(Problem) Starting with the line that contains "Next, the tree (1159,441,1220,484).", reproduce each line through the end of the entries exactly as written.

(Data for this exercise)
■ ■ ■ ■ ■

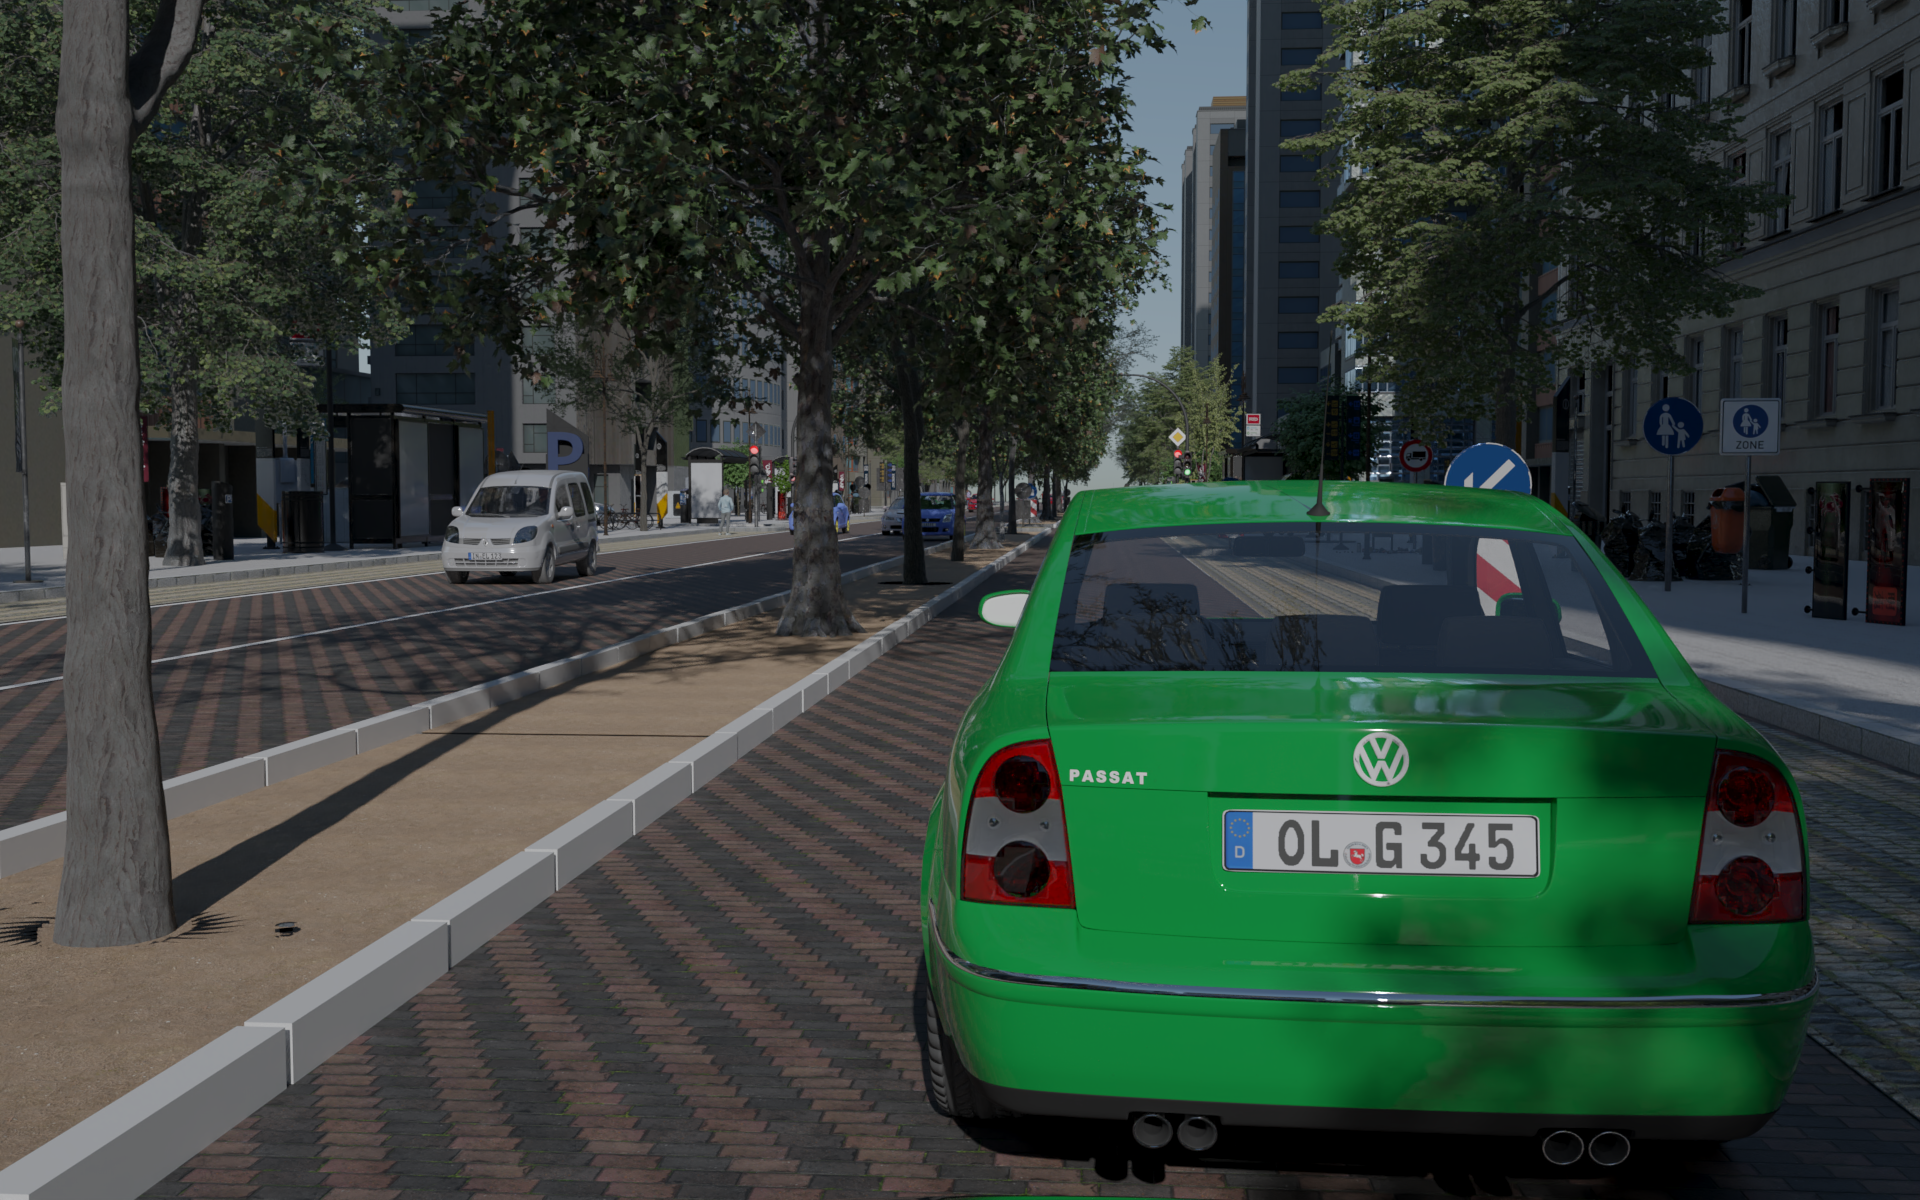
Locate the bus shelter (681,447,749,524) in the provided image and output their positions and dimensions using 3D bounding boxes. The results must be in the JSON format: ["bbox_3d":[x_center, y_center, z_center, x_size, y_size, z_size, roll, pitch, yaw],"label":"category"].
[{"bbox_3d":[-10.776,-5.099,77.285,2.014,3.302,5.546,0,4,5],"label":"bus shelter"}]

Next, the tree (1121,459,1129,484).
[{"bbox_3d":[27.884,-21.055,262.378,7.486,12.596,7.792,0,3,0],"label":"tree"}]

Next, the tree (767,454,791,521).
[{"bbox_3d":[-8.377,-5.468,84.008,1.663,3.219,1.824,0,3,0],"label":"tree"}]

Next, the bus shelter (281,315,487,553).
[{"bbox_3d":[-13.770,-3.911,41.582,2.179,5.291,8.768,0,4,5],"label":"bus shelter"}]

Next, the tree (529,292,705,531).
[{"bbox_3d":[-11.034,-7.628,59.135,8.767,10.594,7.601,1,4,16],"label":"tree"}]

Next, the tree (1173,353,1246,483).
[{"bbox_3d":[12.997,-8.619,91.279,4.737,8.622,4.395,0,3,0],"label":"tree"}]

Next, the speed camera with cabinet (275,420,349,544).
[{"bbox_3d":[-16.864,-3.094,44.920,2.038,3.252,0.660,-3,5,-42],"label":"speed camera with cabinet"}]

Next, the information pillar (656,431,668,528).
[{"bbox_3d":[-11.123,-4.480,64.596,0.504,3.616,0.183,2,4,32],"label":"information pillar"}]

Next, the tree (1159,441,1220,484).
[{"bbox_3d":[14.525,-7.757,110.541,4.285,4.588,4.351,0,3,0],"label":"tree"}]

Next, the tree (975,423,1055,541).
[{"bbox_3d":[1.272,-6.065,51.975,4.360,8.622,3.978,0,3,0],"label":"tree"}]

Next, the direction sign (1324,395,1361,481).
[{"bbox_3d":[8.790,-2.927,39.851,0.876,3.537,0.379,-1,4,-11],"label":"direction sign"}]

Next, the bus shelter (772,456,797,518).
[{"bbox_3d":[-8.923,-6.108,93.782,2.014,3.302,5.546,0,4,5],"label":"bus shelter"}]

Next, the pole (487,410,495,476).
[{"bbox_3d":[-11.455,-2.967,42.347,0.158,3.312,0.155,0,3,0],"label":"pole"}]

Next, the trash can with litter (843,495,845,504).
[{"bbox_3d":[-9.700,-8.061,142.854,1.678,1.210,2.233,1,4,15],"label":"trash can with litter"}]

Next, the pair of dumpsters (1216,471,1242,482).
[{"bbox_3d":[11.859,-4.503,76.115,1.574,2.255,4.437,0,4,5],"label":"pair of dumpsters"}]

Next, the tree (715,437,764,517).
[{"bbox_3d":[-12.724,-7.074,99.380,4.285,4.588,4.351,0,3,0],"label":"tree"}]

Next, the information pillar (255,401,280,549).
[{"bbox_3d":[-16.119,-2.991,40.257,0.504,3.616,0.183,1,4,17],"label":"information pillar"}]

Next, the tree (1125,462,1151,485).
[{"bbox_3d":[22.751,-16.093,213.480,4.737,8.622,4.395,0,3,0],"label":"tree"}]

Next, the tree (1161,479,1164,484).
[{"bbox_3d":[19.959,-10.674,169.119,1.663,3.219,1.824,0,3,0],"label":"tree"}]

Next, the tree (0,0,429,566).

■ ■ ■ ■ ■

(Response)
Next, the tree (1159,441,1220,484).
[{"bbox_3d":[14.525,-7.757,110.541,4.285,4.588,4.351,0,3,0],"label":"tree"}]

Next, the tree (975,423,1055,541).
[{"bbox_3d":[1.272,-6.065,51.975,4.360,8.622,3.978,0,3,0],"label":"tree"}]

Next, the direction sign (1324,395,1361,481).
[{"bbox_3d":[8.790,-2.927,39.851,0.876,3.537,0.379,-1,4,-11],"label":"direction sign"}]

Next, the bus shelter (772,456,797,518).
[{"bbox_3d":[-8.923,-6.108,93.782,2.014,3.302,5.546,0,4,5],"label":"bus shelter"}]

Next, the pole (487,410,495,476).
[{"bbox_3d":[-11.455,-2.967,42.347,0.158,3.312,0.155,0,3,0],"label":"pole"}]

Next, the trash can with litter (843,495,845,504).
[{"bbox_3d":[-9.700,-8.061,142.854,1.678,1.210,2.233,1,4,15],"label":"trash can with litter"}]

Next, the pair of dumpsters (1216,471,1242,482).
[{"bbox_3d":[11.859,-4.503,76.115,1.574,2.255,4.437,0,4,5],"label":"pair of dumpsters"}]

Next, the tree (715,437,764,517).
[{"bbox_3d":[-12.724,-7.074,99.380,4.285,4.588,4.351,0,3,0],"label":"tree"}]

Next, the information pillar (255,401,280,549).
[{"bbox_3d":[-16.119,-2.991,40.257,0.504,3.616,0.183,1,4,17],"label":"information pillar"}]

Next, the tree (1125,462,1151,485).
[{"bbox_3d":[22.751,-16.093,213.480,4.737,8.622,4.395,0,3,0],"label":"tree"}]

Next, the tree (1161,479,1164,484).
[{"bbox_3d":[19.959,-10.674,169.119,1.663,3.219,1.824,0,3,0],"label":"tree"}]

Next, the tree (0,0,429,566).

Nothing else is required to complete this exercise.